MODNLP-tec: A corpus management suite
The modnlp corpus management suite, which consist of modnlp-idx (the indexer), modnlp-teccli (the corpus/concordance browser) and modnlp-tecser (the corpus server), were originally developed to allow free access to linguistic material over the Internet.
The indexer, modnlp-idx, allows you to create an index, which you can later access through the TEC* browser (modnlp-teccli). The corpus will usually contain data (e.g. text-orienteds XML files, which we refer to as text files) and "meta-data" (perhaps stored as separate XML files, which we refer to as header files. It is not essential that data and meta-data be stored in separate files or encoded in XML. However, if you would like to be able to select sub-corpora, for instance, in order to make the concordancer display only concordances coming from texts that share certain features (e.g. all texts whose source language is Japanese), you need to create meta-data files describing the features of interest and link them back to the appropriate sections of the text files. The following files illustrate a typical pair of corpus text and header files:
- EN20050110.xml is the text file
(borrowed from the ECPC corpus), though it also
contains meta-data. Things can be arranged so that only the text
between pre-specified tags will be indexed. These tags are specified
in the property file of modnlp-idx. Property settings that
would be suitable for this kind of data are shown
in this property file. The following
lines, for instance, state that the only the text within 'speech'
and 'writing' element pairs will be indexed, and that they will be
uniquely identified by the value of their attribute 'ref' (ideally, a
suitable DTD should also guarantee that the elements and attributes
exist and that the uniqueness of 'ref' values is enforced) :
subcorpusindexer.element=(speech|writing) subcorpusindexer.attribute=ref
The following line specifies which text will NOT be indexed. The specification is done through a regular-expression matching element names that surround text which one does not wish to index:tokeniser.ignore.elements=(omit|ignore|header|chair|heading|post|name)
- EN20050110.hed is the header
file. The modnlp tools allows the meta-data encoded in the header files
to be "queried" in XQuery. This is used to select
sub-corpora. The following lines in the idxmgr.properties files
define how sub-corpora are selected for the ECPC files:
xquery.root.filedescription.path=/header xquery.attribute.chooser.specs=File name;../../header/@filename;Spoken language;speech/@language;Written language;writing/@language;Affiliation;(speaker|writer)/affiliation/@EPparty
The first line specifies the topmost level of the header file (it's root element). The second line Contains XML "paths" to the features which we would like to use to define sub-corpora (preceeded by a human-readable description of the same).Similarly, the last line specifies part of an XQuery expression which the system uses to present a description of each file in the corpus to the user.
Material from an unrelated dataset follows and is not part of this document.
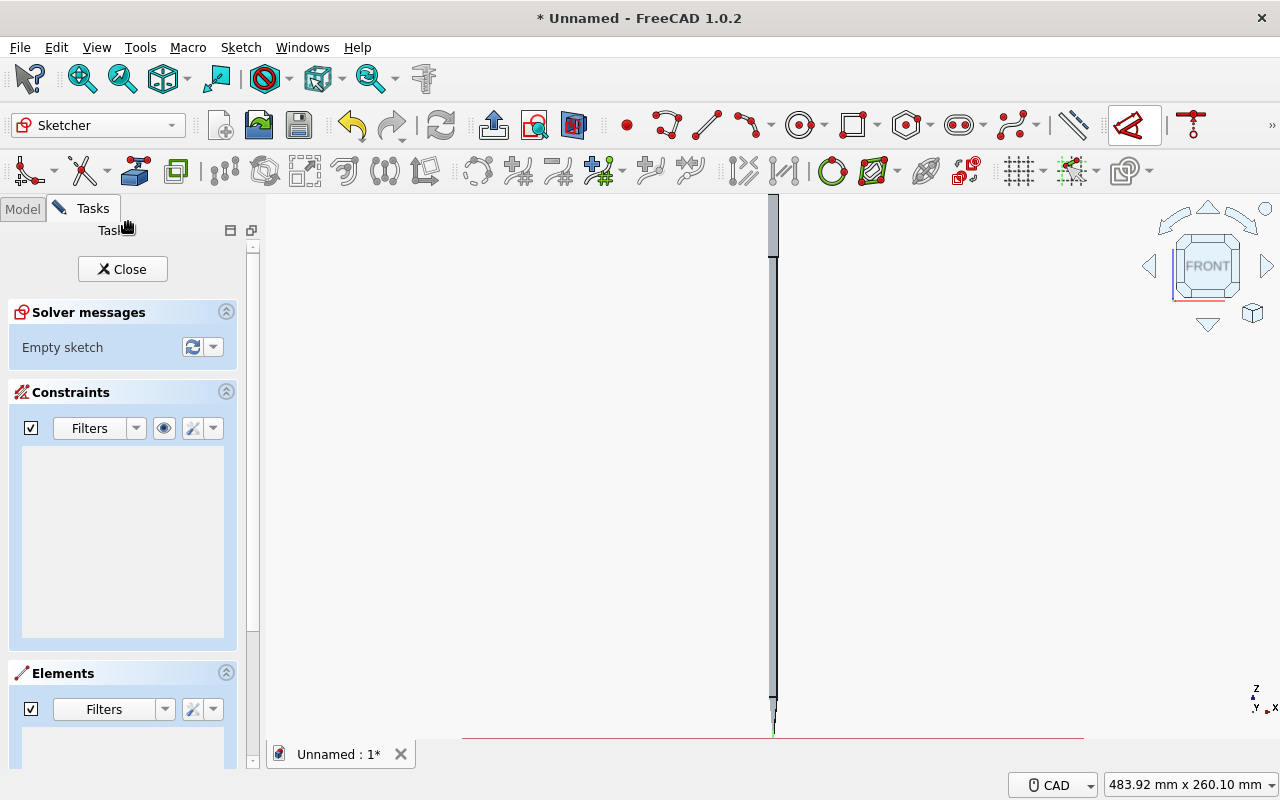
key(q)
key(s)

xquery.file.description.return={data($s/@filename)}
{data($s/@language)} {data($s/index/label)}, {data($s/index/place)}, {data($s/index/date)}, {data($s/index/edition)}
If you would like to test and/or use the software, a binary distribution of the client (which also run in stand-alone mode, using a local index creted by idx), download the modnlp-teccli module.
If you want to make corpus data and concordances (though not necessarily your full texts) available to the community over the Internet your should download the modnlp-tecser module.
In addition, the entire suit is available for download.
A live example of these tools in action is the TEC Corpus Broser, available on the web, where you can try the concordancer prototype and a few of its "plug-ins", via Java Web Start.
More information on the TEC client/server architecture can be found in the following paper:
- S. Luz. Web-based corpus software. In A. Kruger, K. Wallmach, and J. Munday, editors, Corpus-based Translation Studies - Research and Applications, chapter 5, pages 124-149. Continuum, 2011. [ bib | .pdf ]
A useful tutorial on how to use the modnlp/tec suite to create and index a corpus was edited by Sally Marshall and is available here.
*The suite is named after "TEC", the project for which it was originally developed. TEC (short for "Translational English Corpus") is a computerised collection of contemporary translational English text.